# CD PLAYERS



## cooljamaican2 (Dec 29, 2004)

just wonderring if it is only me or is anyone having problems .here goes i have a 03 x-trail , luve it to death ,but my cd player player stoped working after just 6month, it was replaced and now months later its playing distorted .

does anyone have any simular problems?


----------



## aussietrail (Sep 24, 2004)

*some minor problems*



cooljamaican2 said:


> just wonderring if it is only me or is anyone having problems .here goes i have a 03 x-trail , luve it to death ,but my cd player player stoped working after just 6month, it was replaced and now months later its playing distorted .
> 
> does anyone have any simular problems?


Hi,

I had my xtrail for over 2 years now and been using the in-dash cd player (not the 6 cd stacker) quite often. I have't had any problems with it playing and/or accepting any music cd's (including various CD-Rs). Just last week however, I noticed that it started skipping tracks, so I've insterted a laser cleaner cd and it worked fine since then.

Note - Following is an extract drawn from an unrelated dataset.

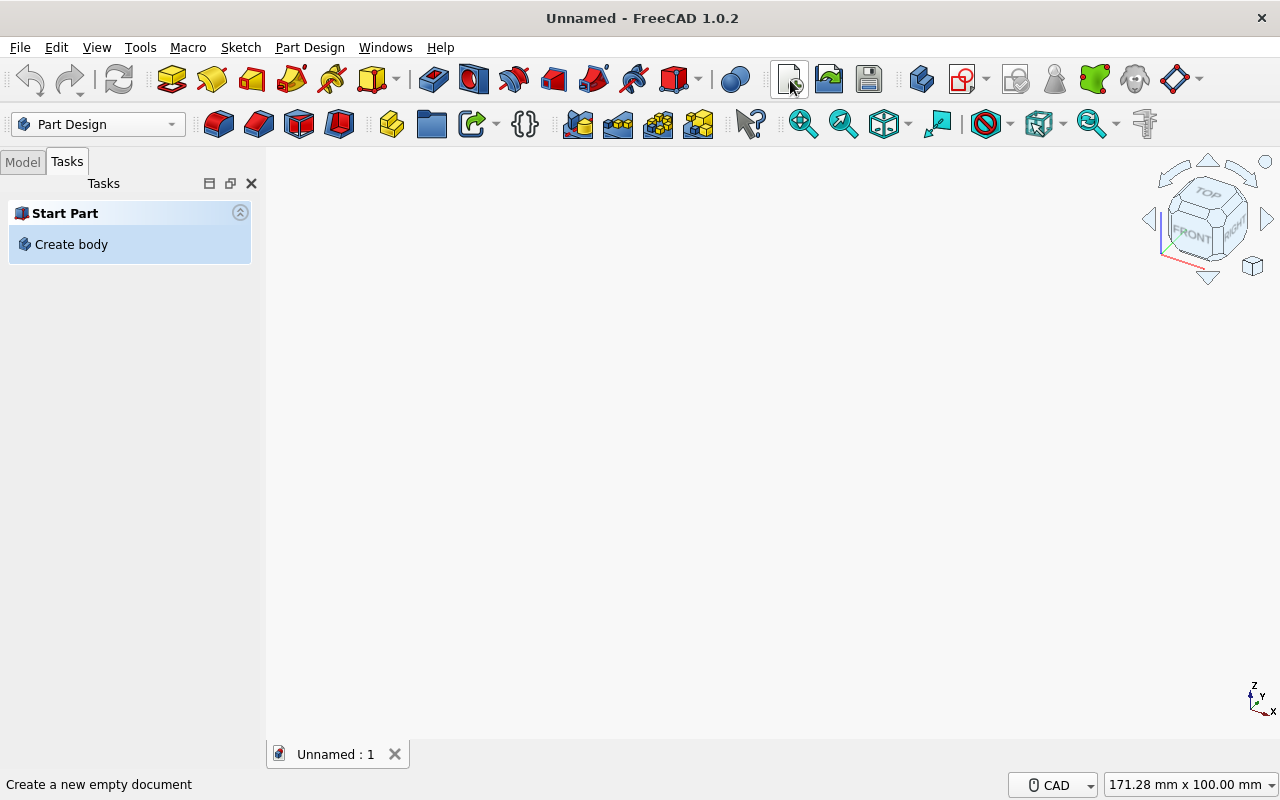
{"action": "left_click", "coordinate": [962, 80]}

I did notice however that if you leave the CD inserted in the player for a long period of time (and am talking about forgetting the cd inside for a week or more) the playback gets affected.


----------



## Exalta (Jan 21, 2003)

Yup, leaving the CD inside the in-dash player while its parked in the sun wrecked the "other" SUV's CD player..but not my ReX, i never leave it out


----------



## Kungpow (Aug 26, 2005)

Thanks Jalal,



> Just last week however, I noticed that it started skipping tracks, so I've insterted a laser cleaner cd and it worked fine since then.


I wanted to ask about a similar problem with my CD and stock 6-CD player but managed to find this thread...

I have a few CD's in there that I, I must admit, have left in there for 2 months plus. Now I'm noticing that it skips periodically - but generally on the 1st and 2nd tracks only. 

Not sure why it would do that since it's been relatively cool and mild these last 2 months in Vancouver so I can't see it heating up and damaging anything. I'm just attributing my problem to excess dust

I was hesitant to insert a CD lens cleaner since the little brush seems bigger than the insertion slot at the front - I was afraid of it getting jammed in there! but it sounds like you managed to get your in and out with no hiccups?


----------



## aussietrail (Sep 24, 2004)

Yep, CD lens cleaner should work ok, the brush is a soft one anyway, so it shouldn't get stuck there.

I now have the MKII 6 CD stacker on mine and that works perfectly well, however I don't keep CD's in there for extended period of time to avoid problems.


----------



## TjC (Jun 11, 2005)

my cd player crapped out in 5 months 

warrentee covered it

took it out 
and bought a pioneer deh7500


----------



## Kungpow (Aug 26, 2005)

Thanks, guys. I'll give it a shot tonight.

Drove home last night listening to the skip...Drove home last night listening to the skipp...Drove home last night listening to the skipping CD.


----------